==== Task input ====

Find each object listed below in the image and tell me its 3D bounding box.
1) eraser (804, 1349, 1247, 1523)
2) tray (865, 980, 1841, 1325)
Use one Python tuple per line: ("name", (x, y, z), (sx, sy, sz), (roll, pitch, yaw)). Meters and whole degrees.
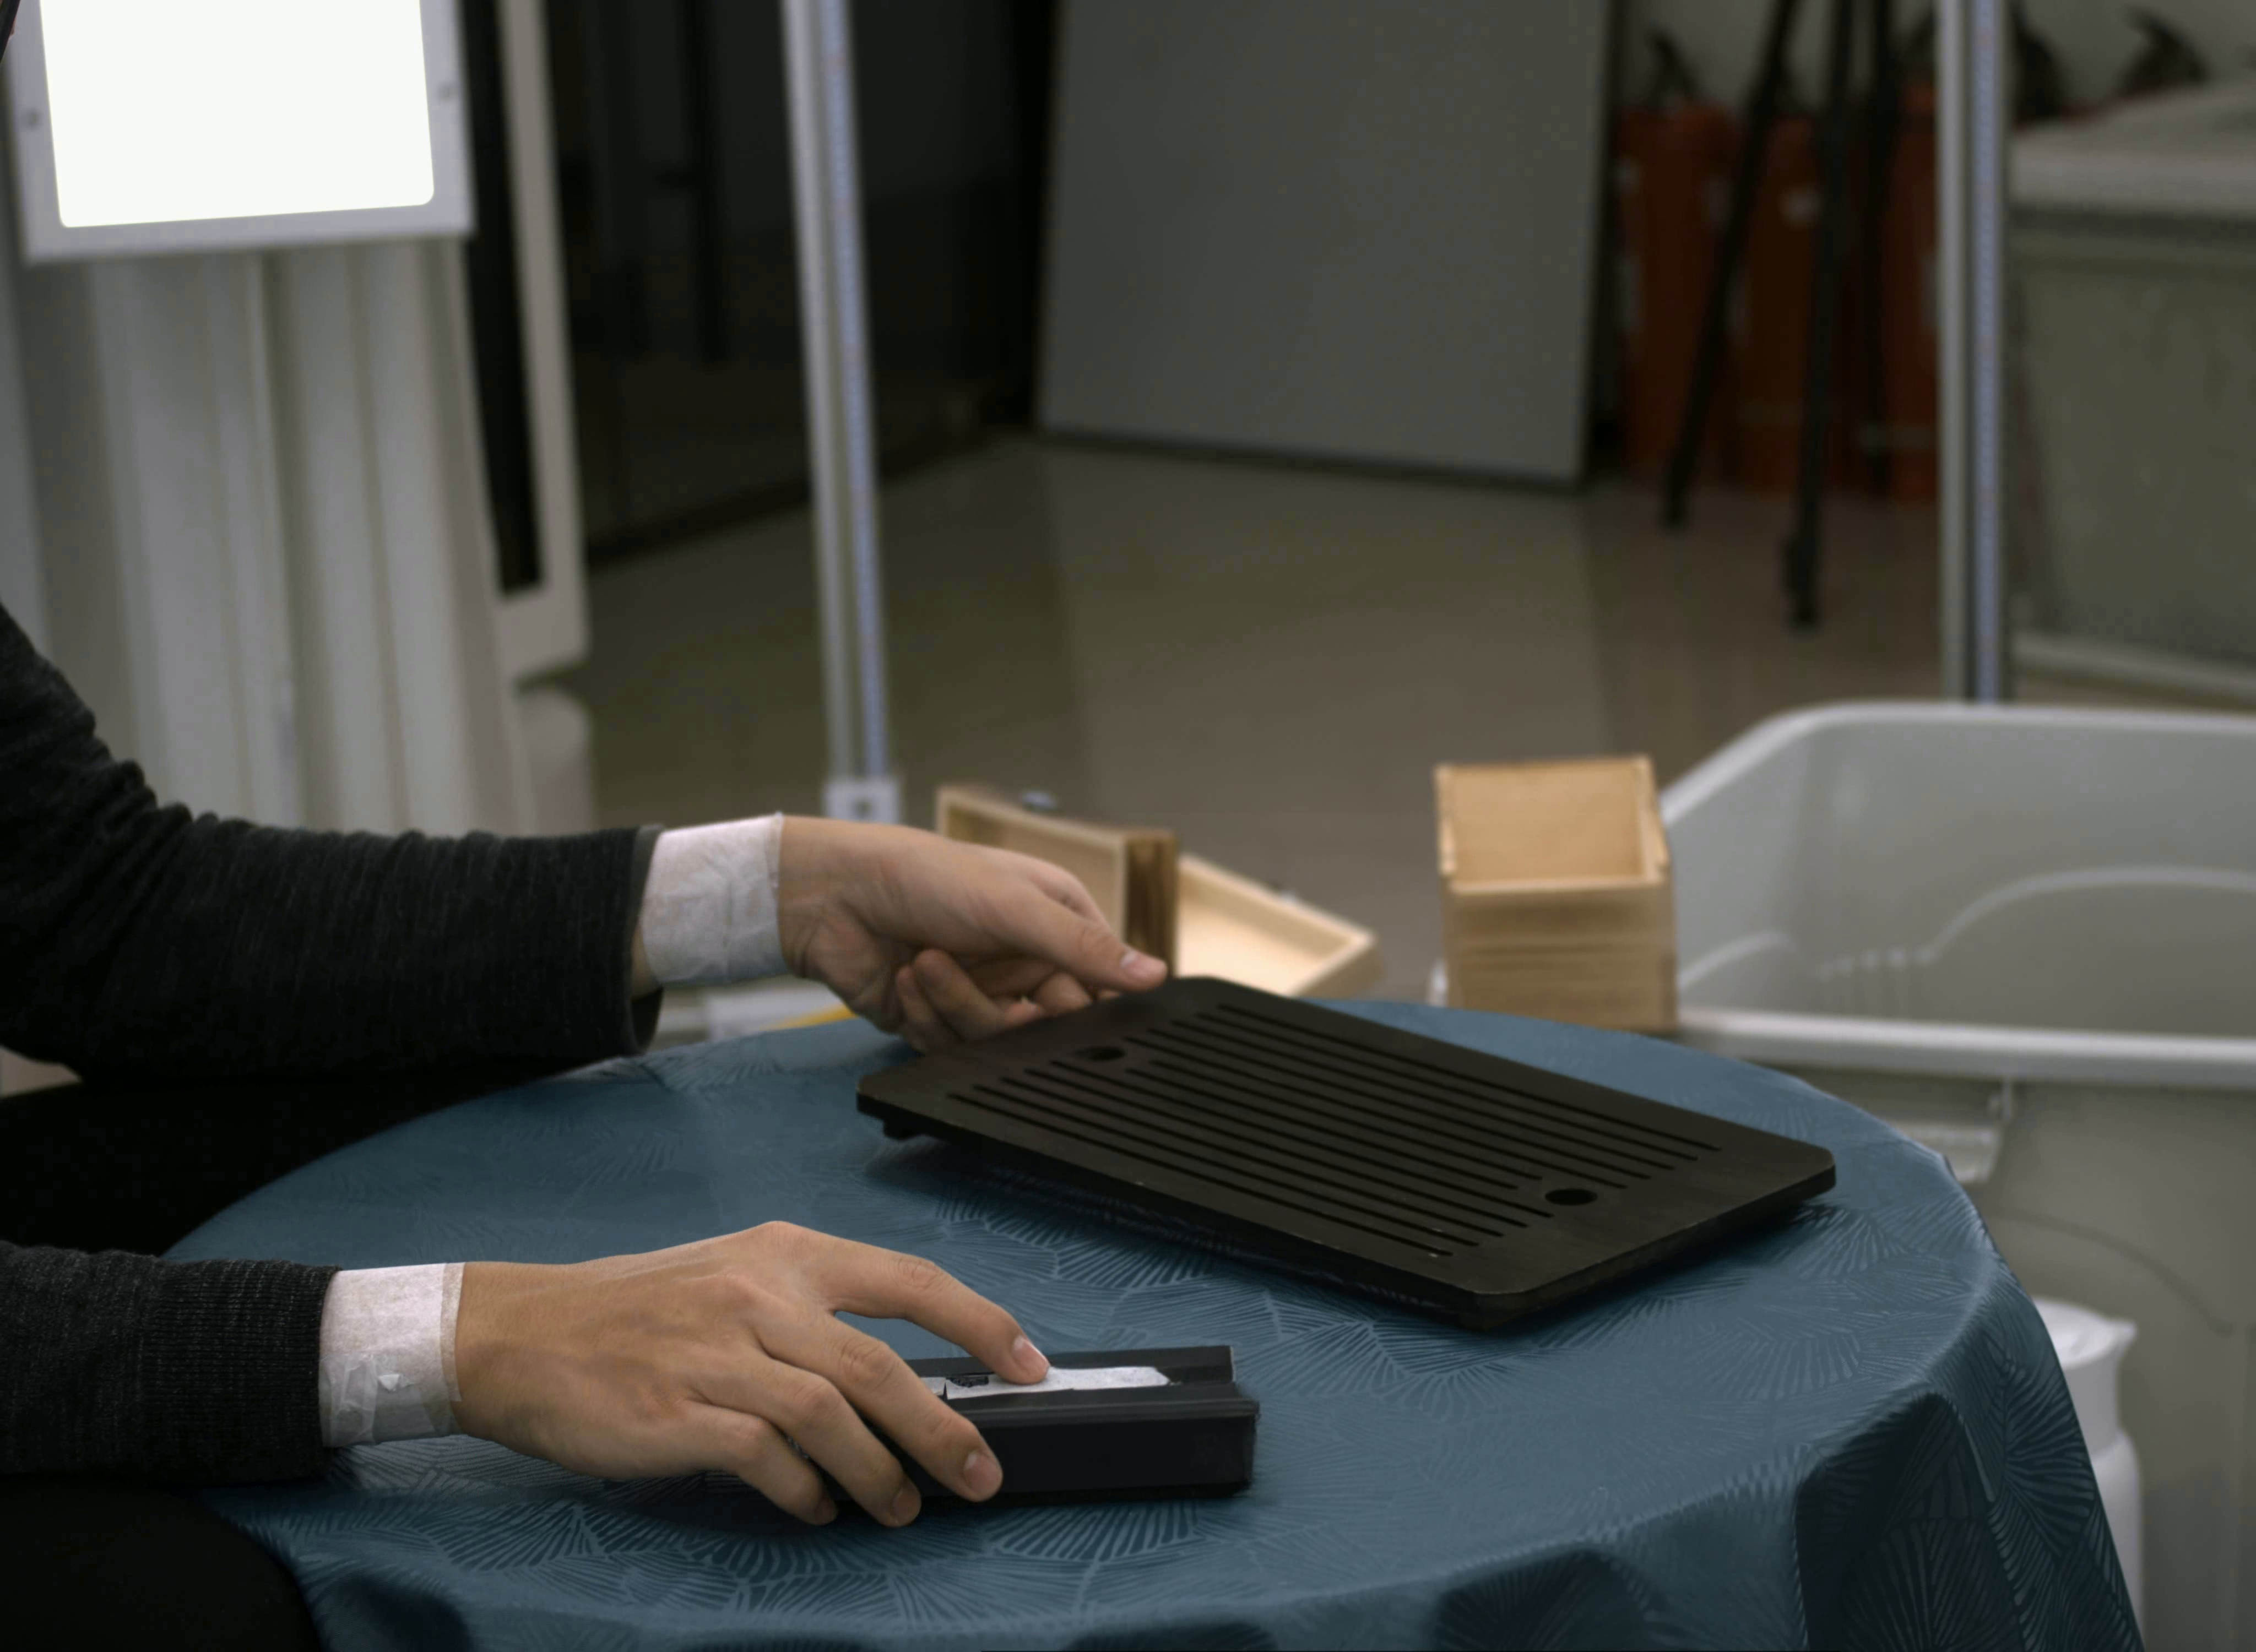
("eraser", (-0.027, 0.171, 1.516), (0.124, 0.031, 0.053), (-5, 12, 2))
("tray", (0.069, 0.103, 1.765), (0.166, 0.019, 0.309), (-16, 20, -40))
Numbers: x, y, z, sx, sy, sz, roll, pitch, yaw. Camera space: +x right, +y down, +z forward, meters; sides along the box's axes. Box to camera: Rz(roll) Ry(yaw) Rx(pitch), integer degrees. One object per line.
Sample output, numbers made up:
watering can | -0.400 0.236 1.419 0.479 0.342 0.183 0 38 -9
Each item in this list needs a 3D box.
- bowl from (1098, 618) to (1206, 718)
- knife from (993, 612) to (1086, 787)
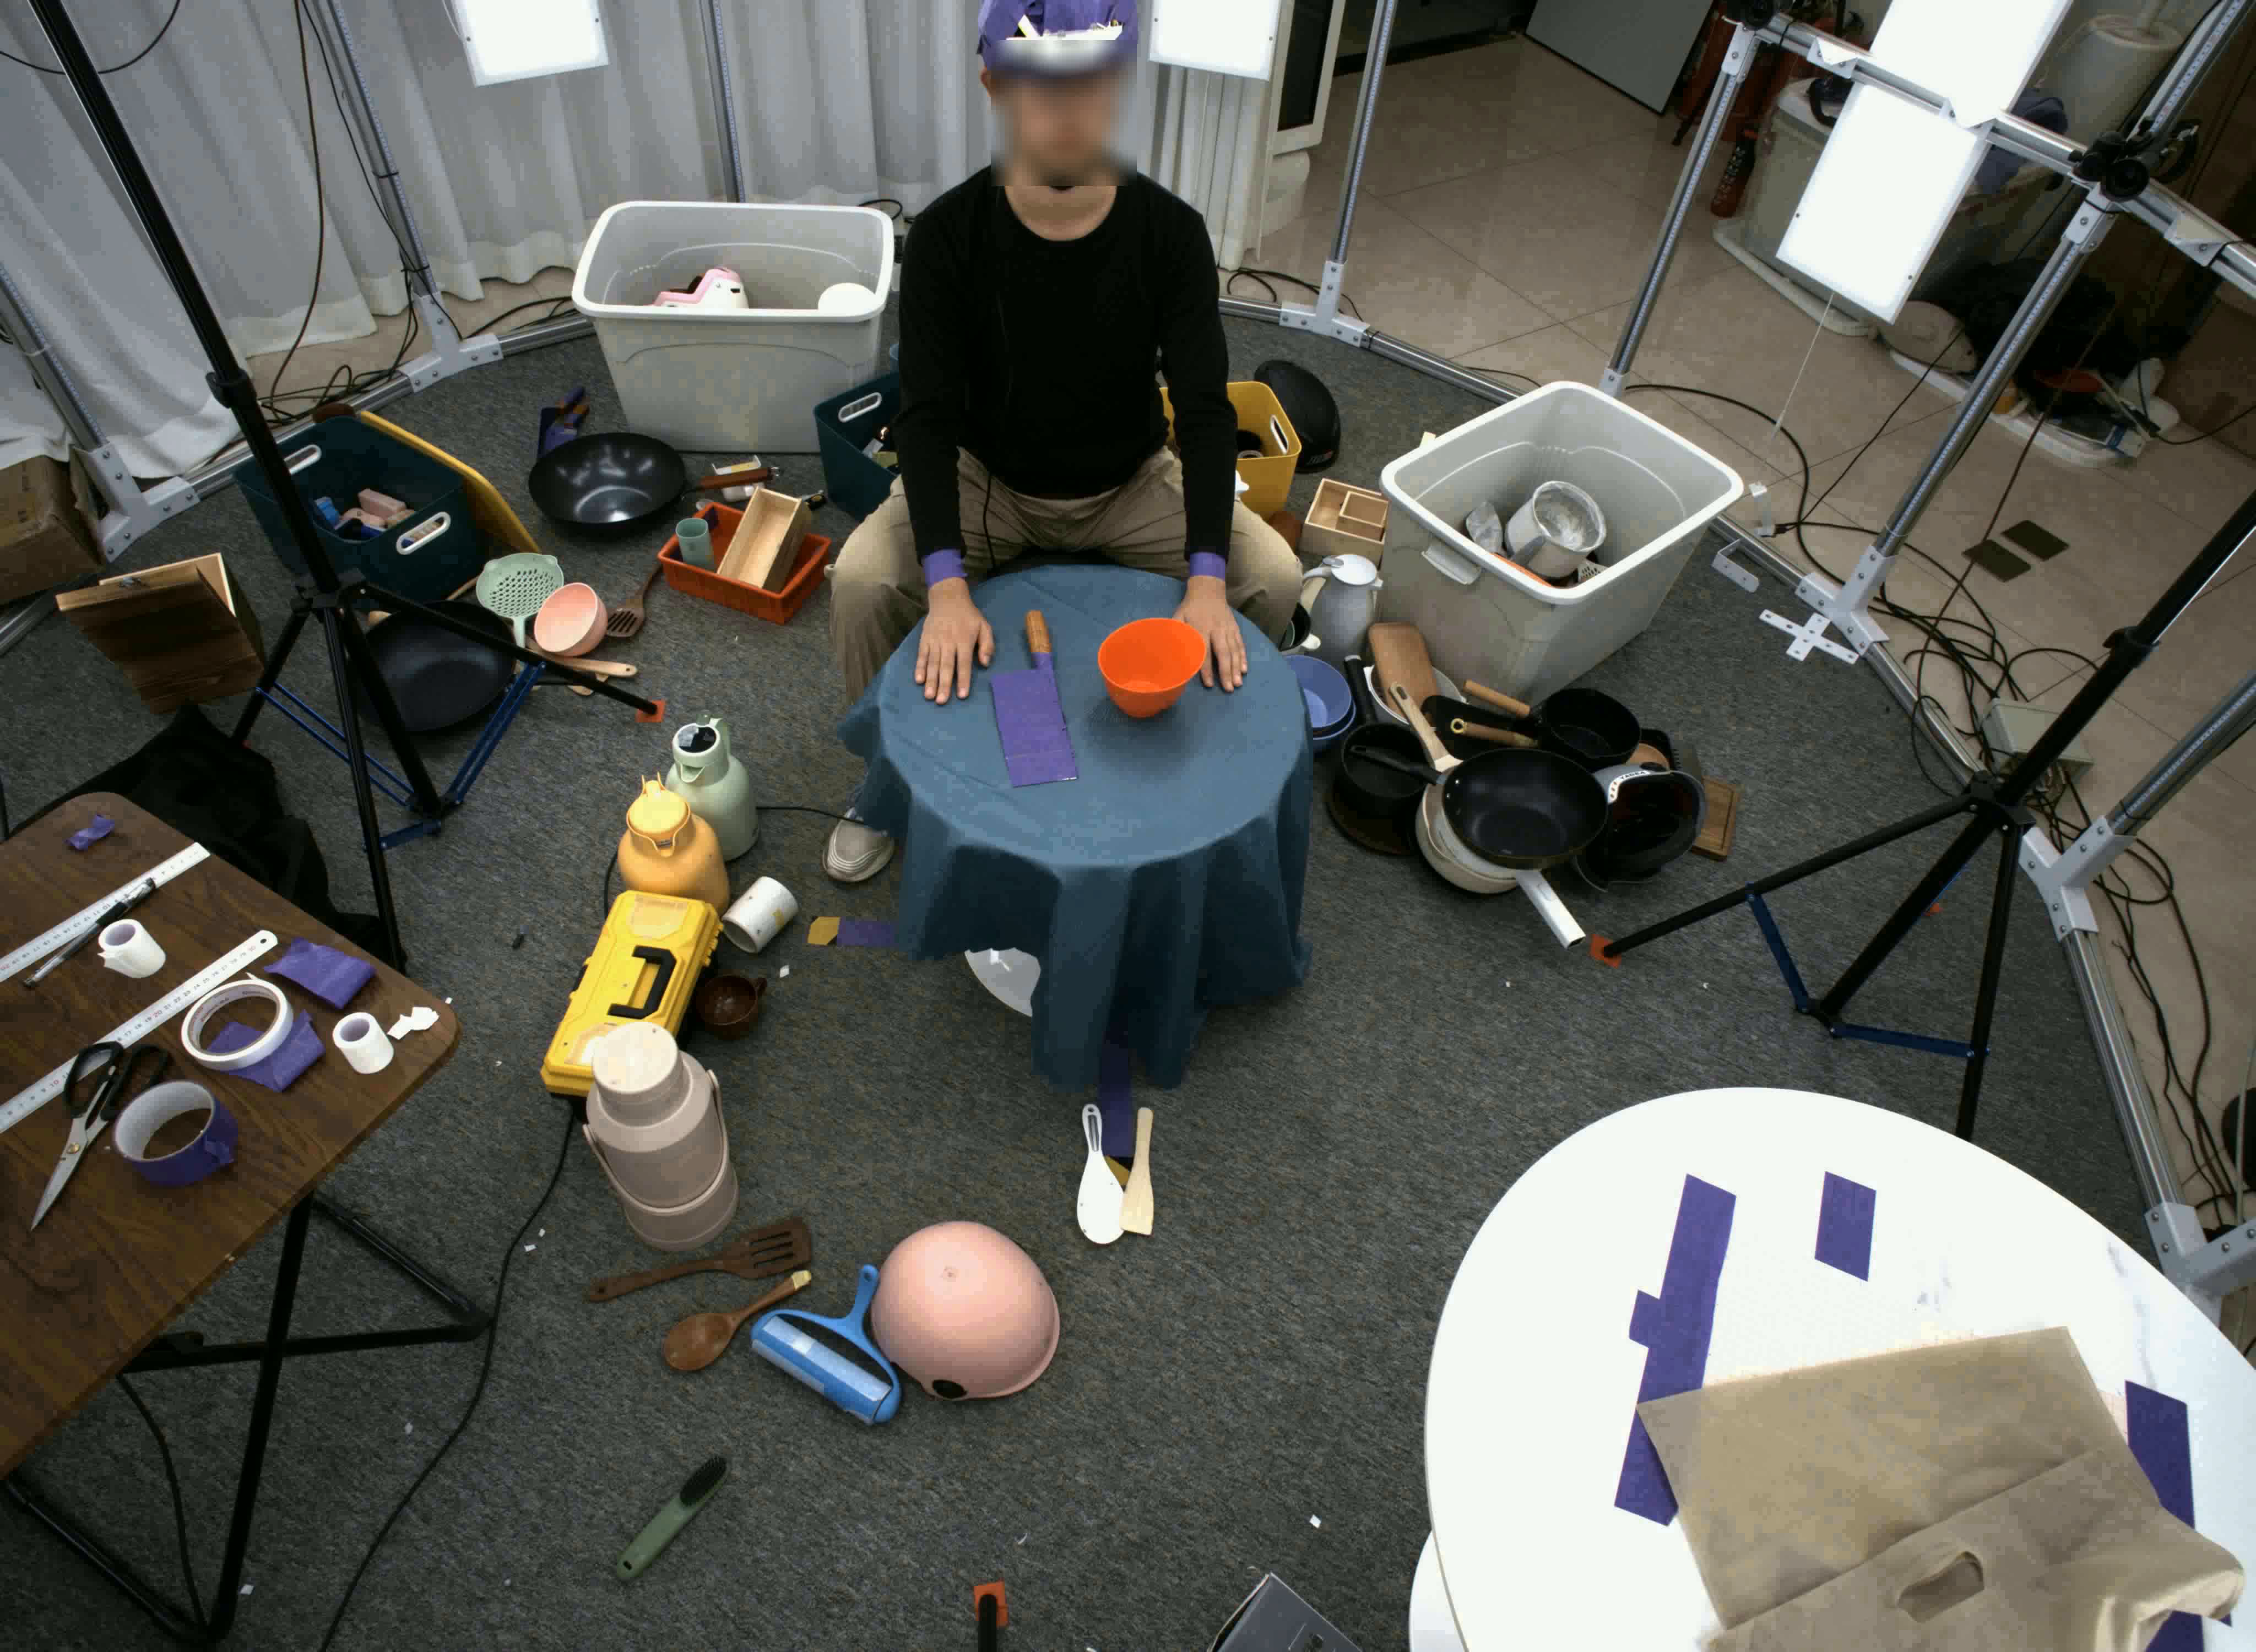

====

From the first line to the last, set down the data exactly, without the pictures.

Find each object listed below in the image and tell me its 3D bounding box.
1) eraser (804, 1349, 1247, 1523)
2) tray (865, 980, 1841, 1325)
Use one Python tuple per line: ("name", (x, y, z), (sx, sy, sz), (roll, pitch, yaw)). Meters and whole degrees.
("eraser", (-0.027, 0.171, 1.516), (0.124, 0.031, 0.053), (-5, 12, 2))
("tray", (0.069, 0.103, 1.765), (0.166, 0.019, 0.309), (-16, 20, -40))
Numbers: x, y, z, sx, sy, sz, roll, pitch, yaw. Camera space: +x right, +y down, +z forward, meters; sides along the box's axes. Box to camera: Rz(roll) Ry(yaw) Rx(pitch), integer degrees. One object per line.
Sample output, numbers made up:
watering can | -0.400 0.236 1.419 0.479 0.342 0.183 0 38 -9
Each item in this list needs a 3D box.
- bowl from (1098, 618) to (1206, 718)
- knife from (993, 612) to (1086, 787)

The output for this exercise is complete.